Canada adopted the Species at Risk Act (SARA) in 2003. Like the U.S. Endangered Species Act, it sets forth a process for a science-based categorization and listing of species at risk. But SARA is weakened by a political stage of the process, wherein recommendations for listing can be, and often are, ignored by Canada’s cabinet and designated stakeholders, such as commercial interests and local governments.
The paper by C.S. Findlay, et al. highlights problems with this political part of the process. It shows that certain species in Canada – potentially those most in need like the polar bear – face an uphill battle for protection. First, the study shows that species with a predominantly northern distribution are much less likely to be listed and that this “northern effect” is particularly true for species living in Nunavut (Canada’s newest, largest, and northernmost federal territory). The paper suggests that this may have to do with local governments in Nunavut opposed to federal meddling in their affairs.
Second, the study shows that species harvested for commercial trade are less likely to be listed. That is, if the species is a money maker in Canada (like polar bears for tourism), it is less likely to be protected. Finally, the study shows that those species managed by Canada’s Fisheries and Oceans agency, including marine mammals, and/or any species that are predominantly native to Canada are less likely to be listed. Apparently, Canada’s Fisheries and Oceans agency undertakes a cost-benefit analysis before making listing decisions for aquatic species. This means that economic interests impact listing decisions, not just conservation needs.
What do these findings boil down to? – Bad news for Canada’s marine mammals and other species most at risk from climate change. Here’s why: projected changes in Canada’s annual mean temperatures will be most extreme in Nunavut. This map from Natural Resources Canada shows that in the next 50 years Nunavut will experience the greatest increases in temperatures, with annual mean temperatures rising by 4 to 6 degrees Celsius. These temperature increases will translate into changing habitat for numerous species, such as polar bears – whose habitat is literally melting away. But these species will not find comfort in Canada’s Species at Risk Act because listings for species in Nunavut are much less likely to be successful than other regions of Canada, apparently because the Nunavut Wildlife Management Board is particularly hostile to federal authorities in Ottawa meddling in the management of Nunavut species.
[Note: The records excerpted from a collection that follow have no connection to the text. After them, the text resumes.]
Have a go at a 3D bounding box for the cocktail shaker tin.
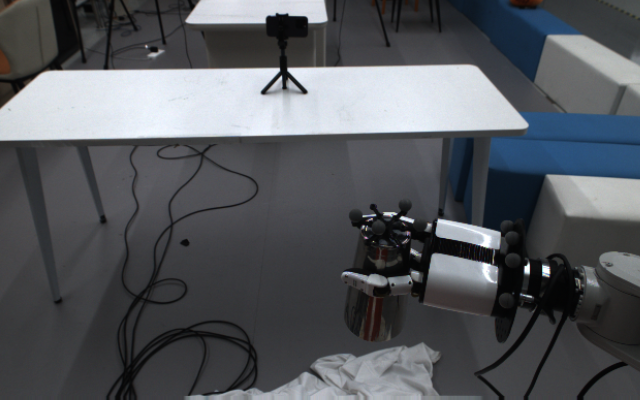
[{"bbox_3d":[0.086,0.102,0.669,0.093,0.170,0.093,1,39,-1],"label":"cocktail shaker tin"}]
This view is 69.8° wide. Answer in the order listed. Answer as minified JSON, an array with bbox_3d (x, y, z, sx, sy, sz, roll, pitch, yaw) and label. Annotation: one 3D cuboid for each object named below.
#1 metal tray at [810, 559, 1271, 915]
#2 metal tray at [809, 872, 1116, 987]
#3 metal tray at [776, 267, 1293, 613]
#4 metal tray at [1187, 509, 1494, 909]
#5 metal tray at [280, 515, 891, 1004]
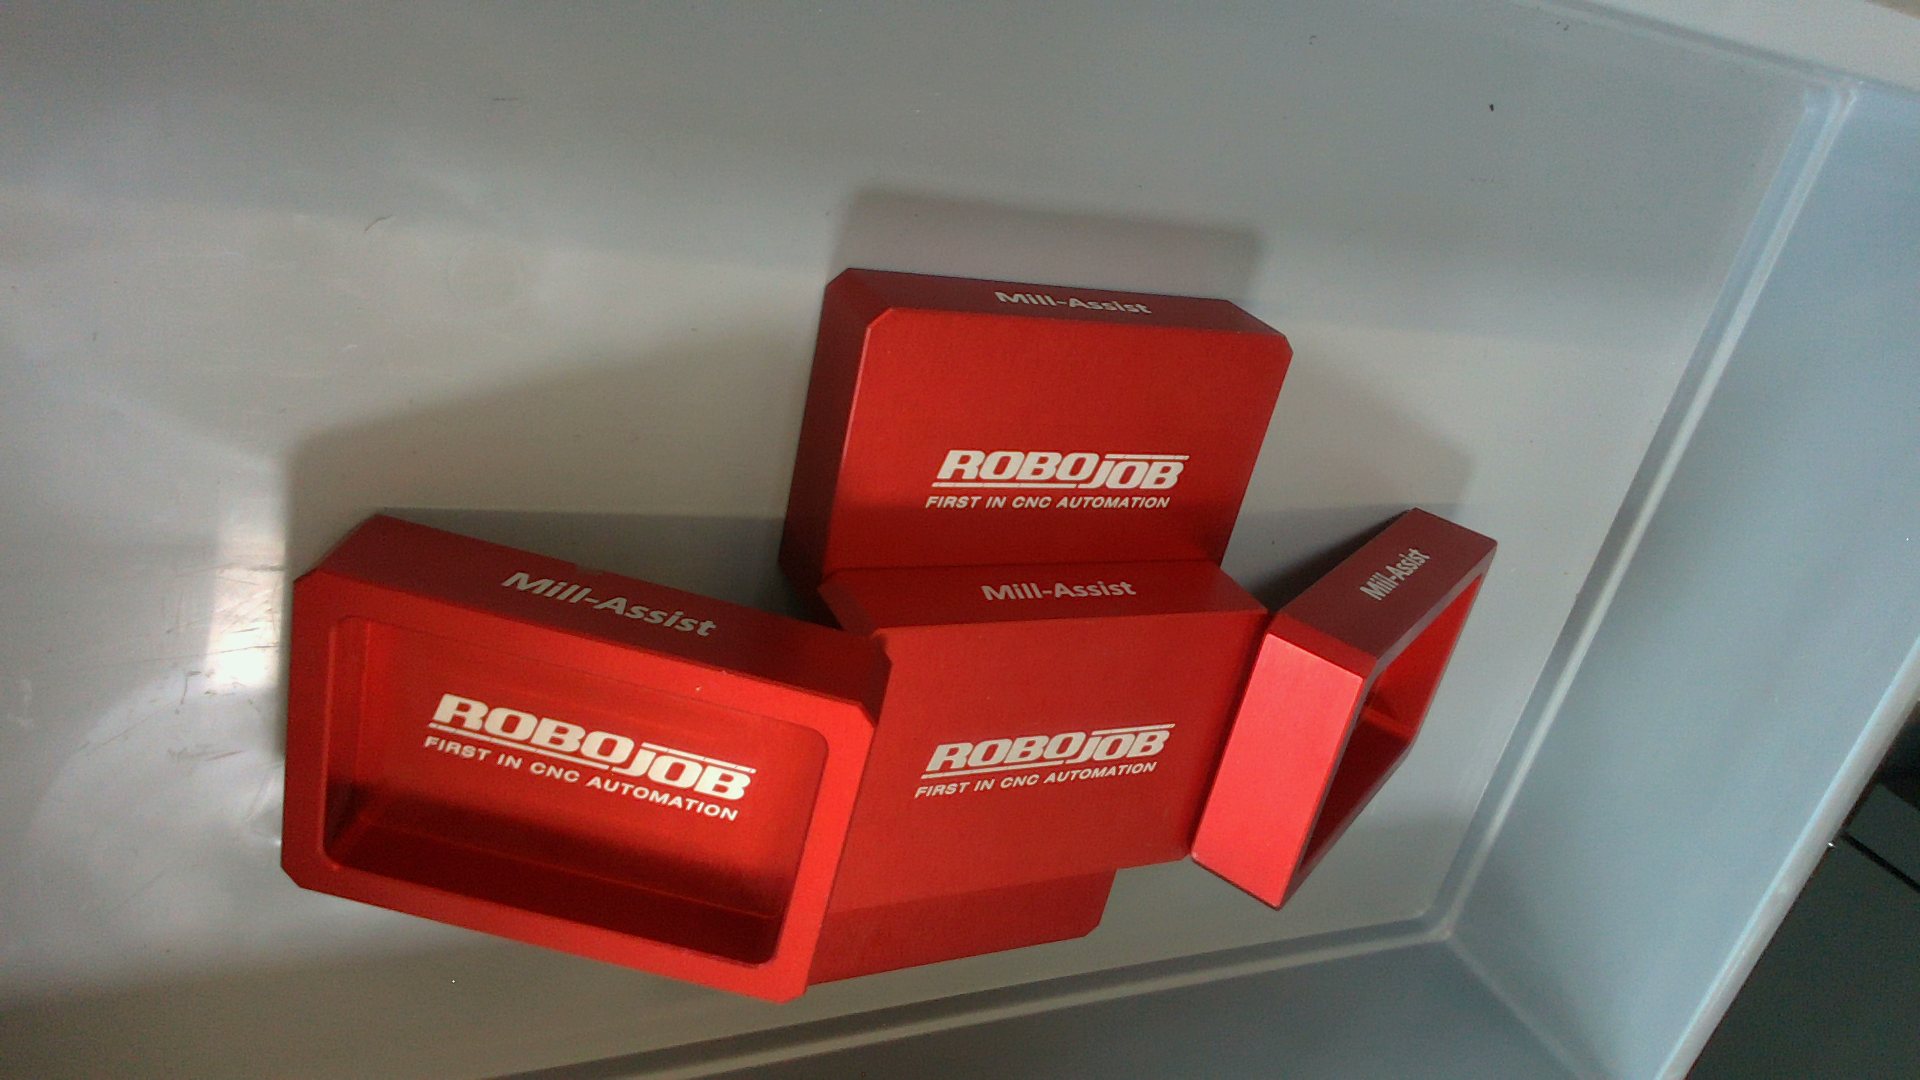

The news gets even worse for species like polar bears that are harvested for economic reasons (approximately 300 bears are killed every year in Canada for commercial purposes). According to another study on Canada’s endangered species, overexploitation is the most important threat to marine mammals and marine fishes. (See O. Venter, et al. (2006), Threats to Endangered Species in Canada, Bioscience, 56, 903-910). But again, while these species may need the most help, the Findlay et al. study shows that they are less likely to get it because moneyed interests will oppose losing these cash flows.
So, Canada’s message to the world: Trust us, we will do the right thing for species at risk, except where protections are needed most or if we’re making money off the species. Oh, and if it’s a species only found in Canada, why should you care, if we don’t? But, of course, we do care and will continue to fight to save polar bears, even if Canada’s laws won’t do the job. You can learn more about NRDC’s campaign to save polar bears and what actions you can take here.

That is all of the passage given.